Taiwan dan China daratan telah diperintah secara terpisah sejak berakhirnya perang saudara lebih dari tujuh dekade lalu, di mana Nasionalis yang kalah melarikan diri ke Taipei.

Namun, Beijing memandang Taiwan sebagai bagian tak terpisahkan dari wilayahnya, meskipun Partai Komunis China tidak pernah memerintah pulau demokratis berpenduduk sekitar 24 juta orang itu.

Kementerian Luar Negeri Taiwan mengulangi hal itu pada Kamis malam setelah penerbangan pesawat tempur PLA.

"Taiwan adalah Taiwan, dan itu bukan bagian dari Republik Rakyat Tiongkok. Republik Rakyat Tiongkok tidak pernah memerintah Taiwan satu hari pun," bunyi pernyataan Kementerian Luar Negeri Taiwan.

peta wilayah udara
Peta zona identifikasi pertahanan udara. (Wikimedia Commons/Maximilian Dörrbecker)

Taiwan harus dapat membuat pilihannya sendiri dalam hal-hal seperti bergabung dengan perjanjian perdagangan internasional, tambah kementerian itu.

"Pemerintah China hanya ingin menggertak Taiwan di komunitas internasional dan merupakan biang keladi meningkatnya ketegangan dalam hubungan lintas selat," tegas pernyataan itu.

Beijing mengklaim sebaliknya, karena Taipei telah meningkatkan pembelian militer dari Amerika Serikat (AS) dan menerima indikasi dukungan dari Sekutu AS seperti Jepang.

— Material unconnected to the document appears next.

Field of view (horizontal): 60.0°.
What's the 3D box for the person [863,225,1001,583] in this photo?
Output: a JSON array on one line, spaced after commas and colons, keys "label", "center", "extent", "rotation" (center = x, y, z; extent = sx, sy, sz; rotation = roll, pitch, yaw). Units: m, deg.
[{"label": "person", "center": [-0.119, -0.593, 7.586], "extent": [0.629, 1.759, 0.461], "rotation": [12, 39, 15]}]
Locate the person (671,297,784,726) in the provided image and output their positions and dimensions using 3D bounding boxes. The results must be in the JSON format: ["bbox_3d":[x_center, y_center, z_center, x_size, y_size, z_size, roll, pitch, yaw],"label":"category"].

Jepang sendiri, saat merilis buku putih pertahanan tahunan pada Juli lalu menyebut dengan jelas, menstabilkan situasi di sekitar Taiwan penting untuk keamanan Jepang.

Untuk diketahui, jumlah serangan udara harian tertinggi yang dilaporkan oleh Taiwan terjadi pada 15 Juni lalu, ketika 28 pesawat militer China terbang ke ADIZ Taiwan. Sementara pada 12 April, 25 pesawat PLA memasuki ADIZ Taiwan dalam satu hari.

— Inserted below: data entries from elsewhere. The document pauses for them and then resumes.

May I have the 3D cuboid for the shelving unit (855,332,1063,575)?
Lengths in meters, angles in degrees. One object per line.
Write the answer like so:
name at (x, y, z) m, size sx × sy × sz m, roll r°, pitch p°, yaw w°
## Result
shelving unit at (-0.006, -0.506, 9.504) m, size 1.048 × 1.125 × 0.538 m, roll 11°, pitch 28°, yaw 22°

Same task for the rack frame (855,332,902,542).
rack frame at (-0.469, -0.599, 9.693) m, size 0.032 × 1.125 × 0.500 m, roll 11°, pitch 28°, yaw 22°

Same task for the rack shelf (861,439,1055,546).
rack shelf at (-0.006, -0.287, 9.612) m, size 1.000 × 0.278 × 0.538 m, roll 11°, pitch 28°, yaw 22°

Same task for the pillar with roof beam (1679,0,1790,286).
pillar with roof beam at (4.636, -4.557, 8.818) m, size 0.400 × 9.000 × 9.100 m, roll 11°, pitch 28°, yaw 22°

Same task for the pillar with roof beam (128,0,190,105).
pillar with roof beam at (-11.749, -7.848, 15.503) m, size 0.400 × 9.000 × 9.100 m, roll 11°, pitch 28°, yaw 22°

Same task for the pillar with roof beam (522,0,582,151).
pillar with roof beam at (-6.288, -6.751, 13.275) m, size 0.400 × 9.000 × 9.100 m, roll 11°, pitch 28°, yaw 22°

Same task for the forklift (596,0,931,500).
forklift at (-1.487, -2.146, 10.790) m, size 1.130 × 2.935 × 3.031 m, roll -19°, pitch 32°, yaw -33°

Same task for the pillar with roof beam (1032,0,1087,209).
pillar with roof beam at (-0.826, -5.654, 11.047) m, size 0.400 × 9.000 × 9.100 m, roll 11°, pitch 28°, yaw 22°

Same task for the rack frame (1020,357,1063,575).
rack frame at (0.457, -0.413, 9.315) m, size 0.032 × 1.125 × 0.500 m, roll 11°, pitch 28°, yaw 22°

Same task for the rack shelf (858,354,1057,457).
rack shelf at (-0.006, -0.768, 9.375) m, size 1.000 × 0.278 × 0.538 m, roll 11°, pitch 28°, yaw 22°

Kendati demikian, sejatinya PLA hampri setiap hari melakukan serangan atau memasuki ADIZ Taiwan. Misalnya, sebelum penerbangan Hari Kamis, ada dua serangan pada Hari Rabu, satu pada Hari Senin, empat pada Hari Minggu dan 10 pada Hari Jumat lalu, menurut Kementerian Pertahanan Taiwan.

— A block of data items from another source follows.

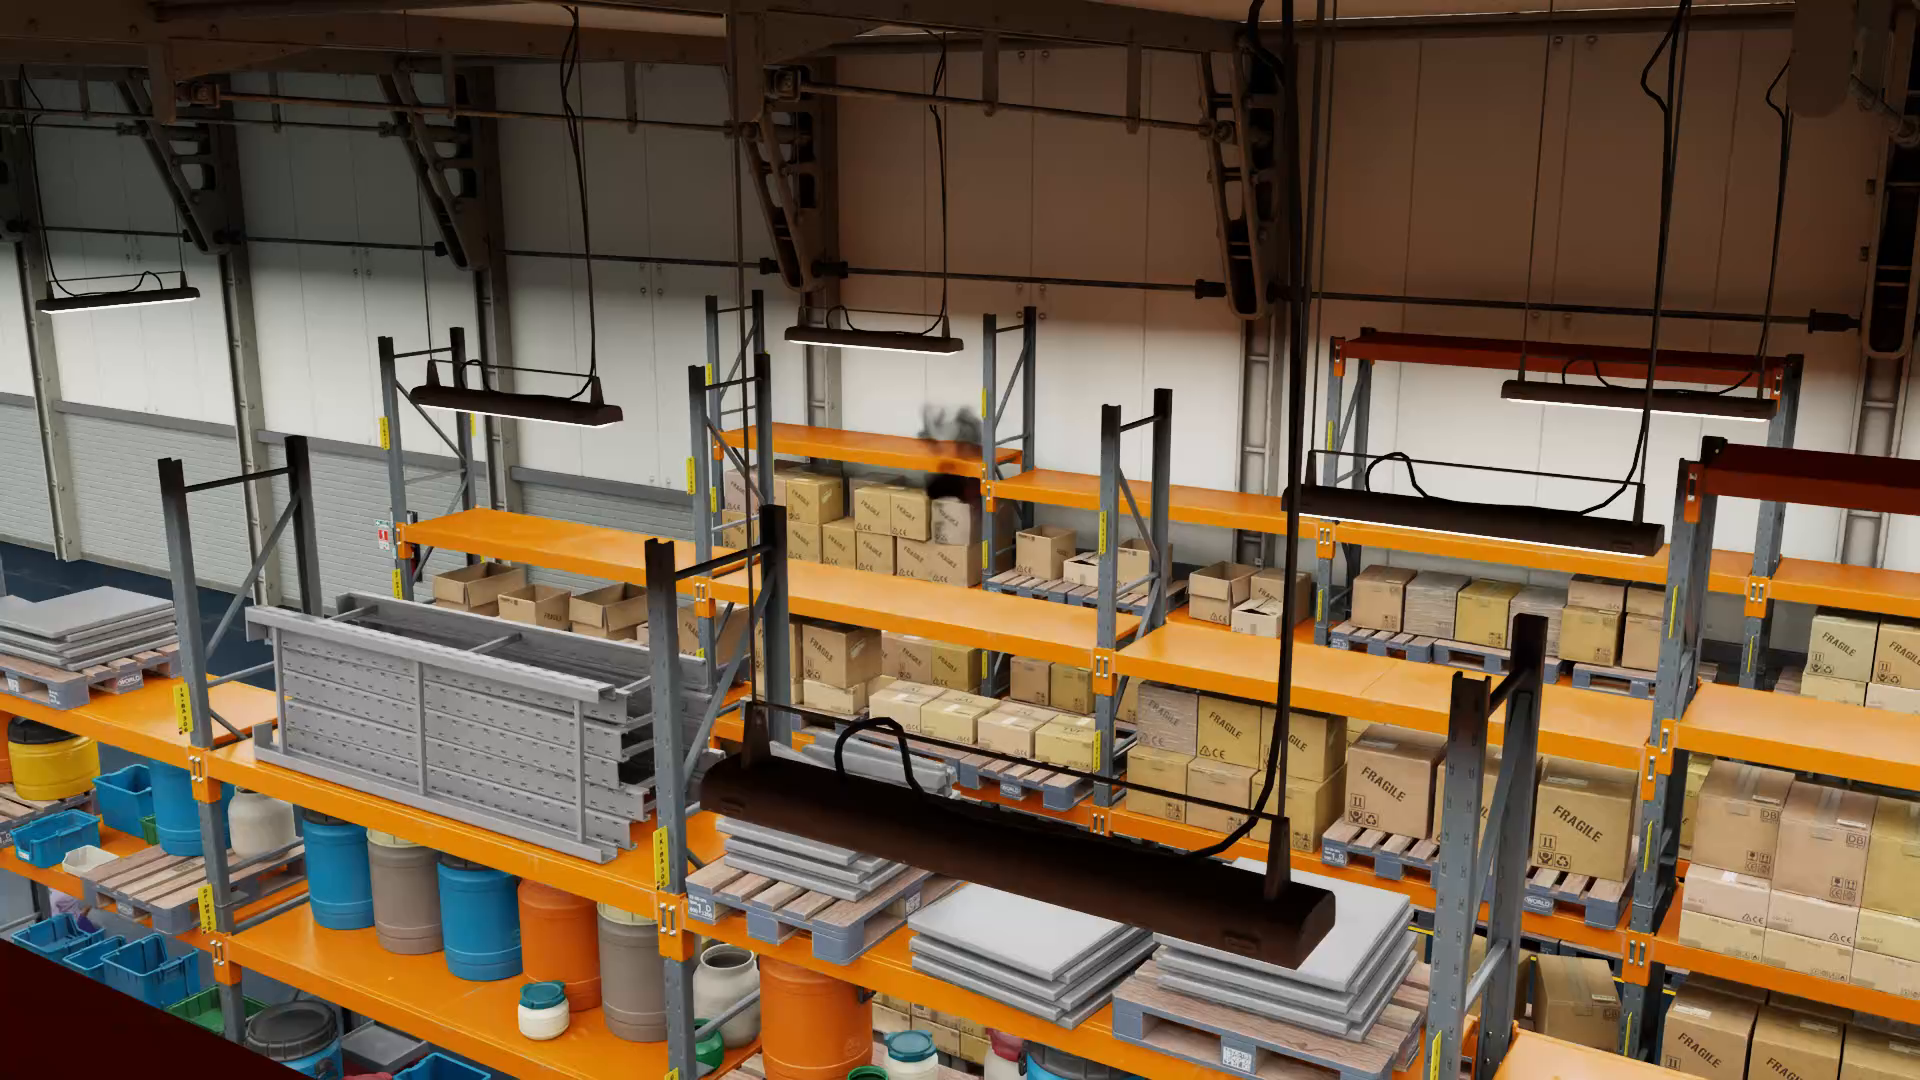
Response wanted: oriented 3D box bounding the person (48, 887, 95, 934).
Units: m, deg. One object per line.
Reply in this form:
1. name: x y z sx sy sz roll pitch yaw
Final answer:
1. person: -8.125 3.651 15.192 0.744 1.605 0.649 2 14 9

Analis mengatakan penerbangan PLA kemungkinan memiliki beberapa tujuan untuk China, keduanya menunjukkan kekuatan PLA kepada audiens domestik, sambil memberikan intelijen dan keterampilan militer China yang akan dibutuhkan dalam potensi konflik yang melibatkan Taiwan.

Dan, Presiden China Xi Jinping telah menolak untuk mengesampingkan kekuatan militer untuk 'menangkap' Taiwan jika perlu.